Her research suggests that a cascade of events, beginning with stress, leads to reduced levels of two hormones crucial for ovulation. And her published studies, small but scrupulous, are starting to convince her critics.

In a study of 16 women reported in 2003 in the journal Fertility and Sterility, Berga showed that ovulation was restored in seven of eight women who underwent cognitive behavioural therapy, compared with two of eight who did not get therapy. In 2006, in The Journal of Clinical Endocrinology & Metabolism, she reported that women who did not ovulate had excessive levels of cortisol, a stress hormone, in the brain fluid.

Berga spoke recently about her research from her office at Emory University in Atlanta. You've studied not only people but also animals. What did those studies tell you about stress? Before we did the 16-woman study, we studied monkeys. We found that when we stressed monkeys alone, 10 percent stopped menstruating temporarily. When we added exercise and limited their food intake, again about 10 percent stopped enstruating temporarily. But when we combined stress, exercise, and cut down on food, 75 percent became amenorrheic.
Then you did a similar study in which two groups of women — one group with normal ovulation, the other group with stress-related amenorrhea — exercised almost to their full potential. What did you find?

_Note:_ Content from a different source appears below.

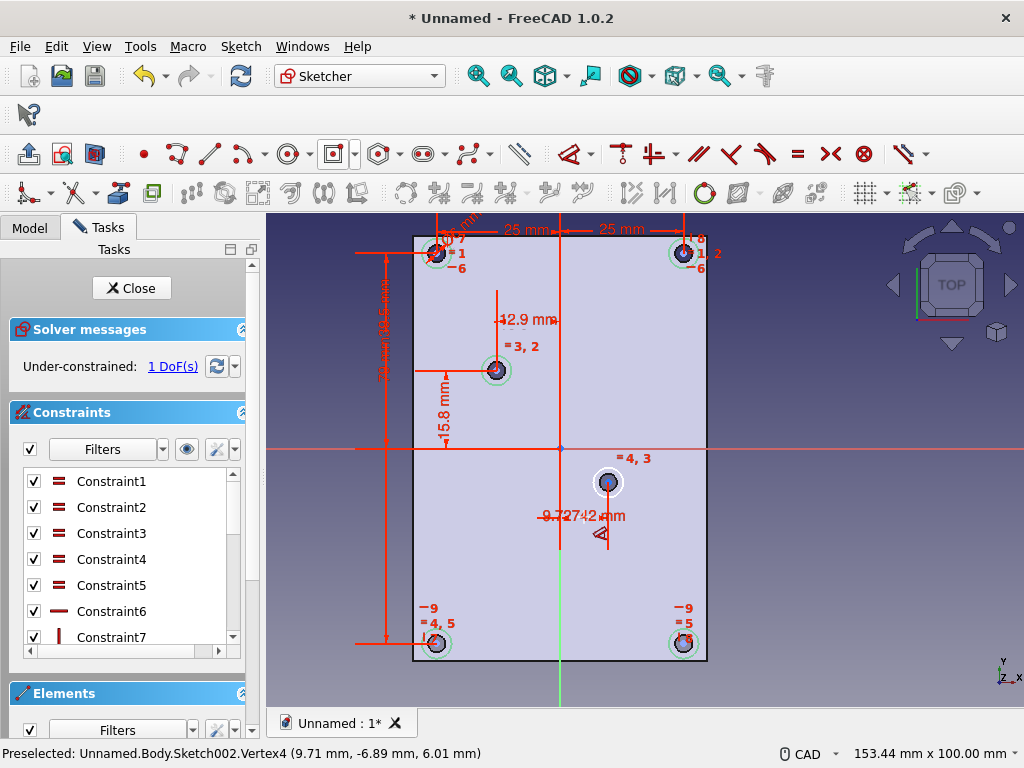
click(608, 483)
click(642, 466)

We saw that if you are stressed when you start exercise, your body reacts differently than if you are not chronically stressed and exercise. Not only does it appear that exercise was more stressful for already stressed women, but certainly exercise did not help them lower their stress hormones, which is of course one reason people take up exercising.

Are you saying that a woman who may have had a stressful month at work is hurting her fertility? Isn't life without stress impossible? We are talking about chronic stress related to behaviour or personality. People are designed to endure acute stress. That is a part of life. I am telling women, and men, that it is important to find a balance and learn to cope with their stress.